Después de rezar una ferviente oración al Cielo, llena de confianza, fue a buscar alguna solución a su problema. Se le dijo que tal vez encontraría empleo en la casa de cierta familia, al final de la ciudad. Ella fue, y como tenía que pasar frente a la Iglesia de San Eustaquio, entró. La vista del sacerdote en el altar le recordó que ese mes había olvidado su usual Misa por los muertos, y que éste era el mismo día en que durante años ella había acostumbrado hacer su buena obra. Si ella disponía en esto su último franco, no le quedaría nada, ni siquiera para satisfacer su hambre. Tuvo entonces una lucha interior entre la devoción y la prudencia humana. Y la devoción ganó. "Después de todo", se dijo a sí misma, "el buen Dios sabe que es por Él, y ¡no me desamparará!". Entrando en la sacristía, hizo su ofrecimiento por la Misa, a la cual asistió con su usual fervor.
Unos pocos momentos después, continuó su camino, llena de ansiedad como se podrá comprender. Absolutamente destituida de bienes, ¿qué iba a hacer si no obtenía el empleo? Estaba todavía ocupada en estos pensamientos cuando un pálido joven de delgada figura y distinguido aspecto se le acercó y le dijo: "¿Estás buscando un trabajo?". "Sí, señor". "Bien, ve a tal calle y número, a la casa de Madam L. Pienso que la satisfarás y que tu también estarás satisfecha allí". Habiendo dicho estas palabras, desapareció en medio de la multitud que por allí pasaba, sin esperar recibir el agradecimiento de la pobre muchacha.
Ella encontró la calle, reconoció el número, y ascendió a los apartamentos. Una sirvienta salió cargando un equipaje bajo su brazo y pronunciando quejas. "¿Está Madame aquí?", preguntó la recién llegada. "Puede estar y puede no estar", replicó la otra. "A mí qué me importa? Madame abrirá la puerta ella misma si le place; yo no me preocuparé más por eso. Adieu!". Y dicho esto descendió la escalera.
La pobre muchacha tocó la campana con mano temblorosa, y una dulce voz la invitó a entrar. Se encontró entonces en la presencia de una anciana de apariencia venerable, que quiso saber qué la había traído hasta aquí.
"Madame", dijo la chica, "he sabido esta mañana que usted necesita una sirvienta, y vine a ofrecer mis servicios.
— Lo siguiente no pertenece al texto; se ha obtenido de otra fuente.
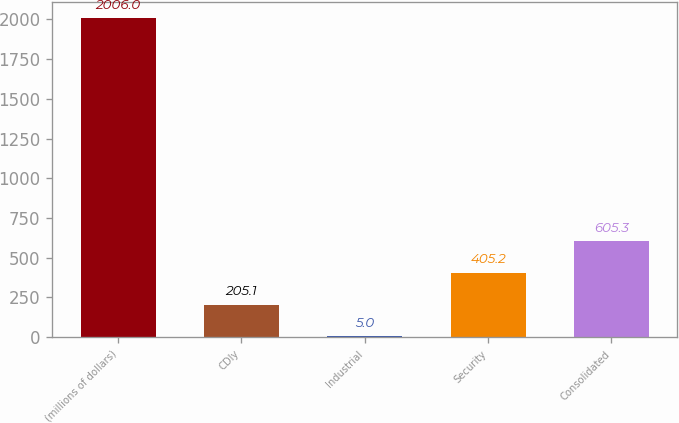Convert chart. <chart><loc_0><loc_0><loc_500><loc_500><bar_chart><fcel>(millions of dollars)<fcel>CDIy<fcel>Industrial<fcel>Security<fcel>Consolidated<nl><fcel>2006<fcel>205.1<fcel>5<fcel>405.2<fcel>605.3<nl></chart> 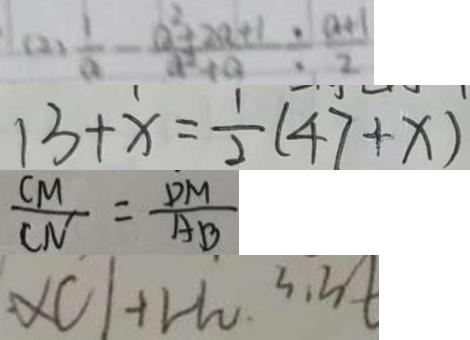Convert formula to latex. <formula><loc_0><loc_0><loc_500><loc_500>( 2 ) \frac { 1 } { a } - \frac { a ^ { 2 } + 2 a + 1 } { a ^ { 2 } + a } \div \frac { a + 1 } { 2 } 
 1 3 + x = \frac { 1 } { 2 } ( 4 7 + x ) 
 \frac { C M } { C N } = \frac { D M } { A B } 
 \times C l + H _ { 2 } 3 . 3 t</formula> 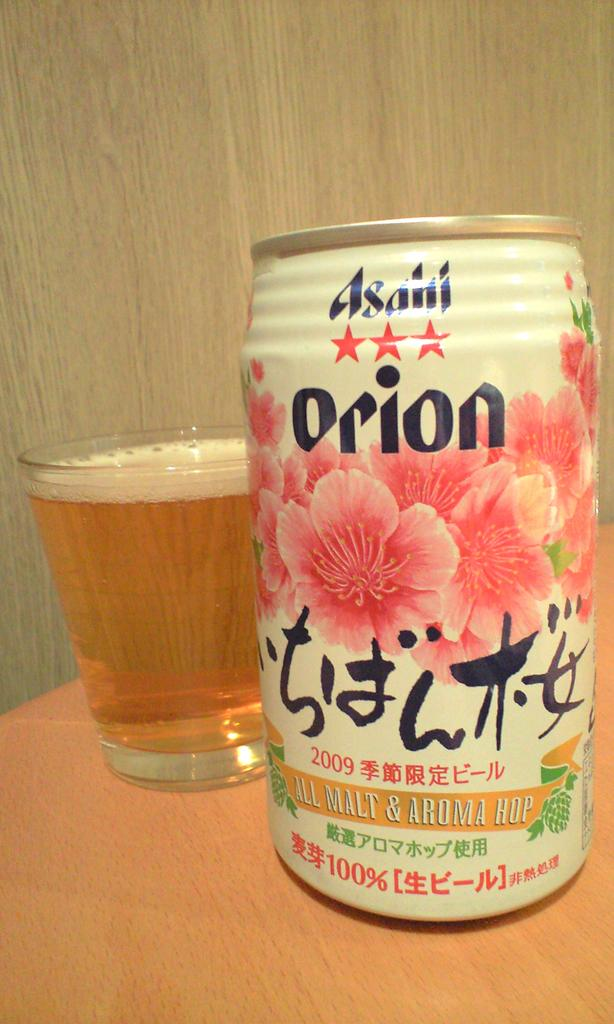What type of surface is visible in the image? There is a wooden surface in the image. What object can be seen on the wooden surface? There is a tin on the wooden surface. What else is on the wooden surface besides the tin? There is a glass with a drink on the wooden surface. How many sheep are visible on the wooden surface in the image? There are no sheep present on the wooden surface in the image. What type of structure is built around the wooden surface in the image? There is no structure built around the wooden surface in the image. 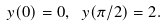<formula> <loc_0><loc_0><loc_500><loc_500>y ( 0 ) = 0 , \ y ( \pi / 2 ) = 2 .</formula> 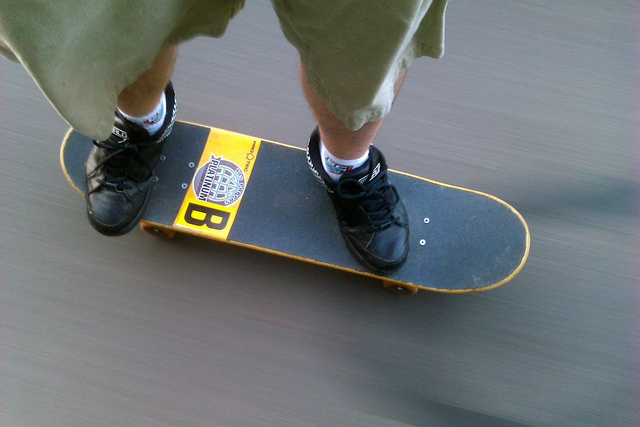Describe the objects in this image and their specific colors. I can see people in gray, darkgreen, and black tones and skateboard in gray, blue, and black tones in this image.

Se me ha asegurado que me recibiría amablemente". "Oh, mi querida niña, lo que me dice es muy extraordinario. Esta mañana yo no tenía necesidad de una; fue sólo en la última media hora que tuve que echar a una insolente doméstica, y no hay otra alma en el mundo además de mí que supiera esto. ¿Quién te envió, pues?". "Fue un caballero, Madame; un joven caballero que encontré en la calle, que me paró con este propósito, y yo agradecí a Dios por esto, porque me es absolutamente necesario encontrar un lugar hoy, ya que no tengo ni un centavo en mi bolsillo".
La anciana no podía entender quién era la persona, y se había perdido en conjeturas, cuando la sirvienta, elevando sus ojos sobre el mueble del pequeño salón de entrada, percibió un portarretratos. "Espere, Madame", dijo inmediatamente, "no se preocupe usted más; esa es la imagen exacta del joven hombre que me habló. Es por él que he venido".
A estas palabras la dama profirió un sonoro gemido y pareció perder la conciencia. Le hizo repetir a la joven la historia de su devoción a las almas del Purgatorio, de la Misa matinal, y de su encuentro con el extraño, y luego se arrojó al cuello de la muchacha, la abrazó y llena de lágrimas le dijo: "Tú no serás mi sirvienta desde este momento; tú eres mi hija. Es mi hijo, mi único hijo al que viste. Murió hace dos años, y te debe su liberación, por lo que Dios lo envió para traerte aquí. No puedo dudarlo. Seas, entonces, bendita, y rezaremos continuamente a partir de ahora por todos los que sufren antes de entrar en la bienaventuranza eterna".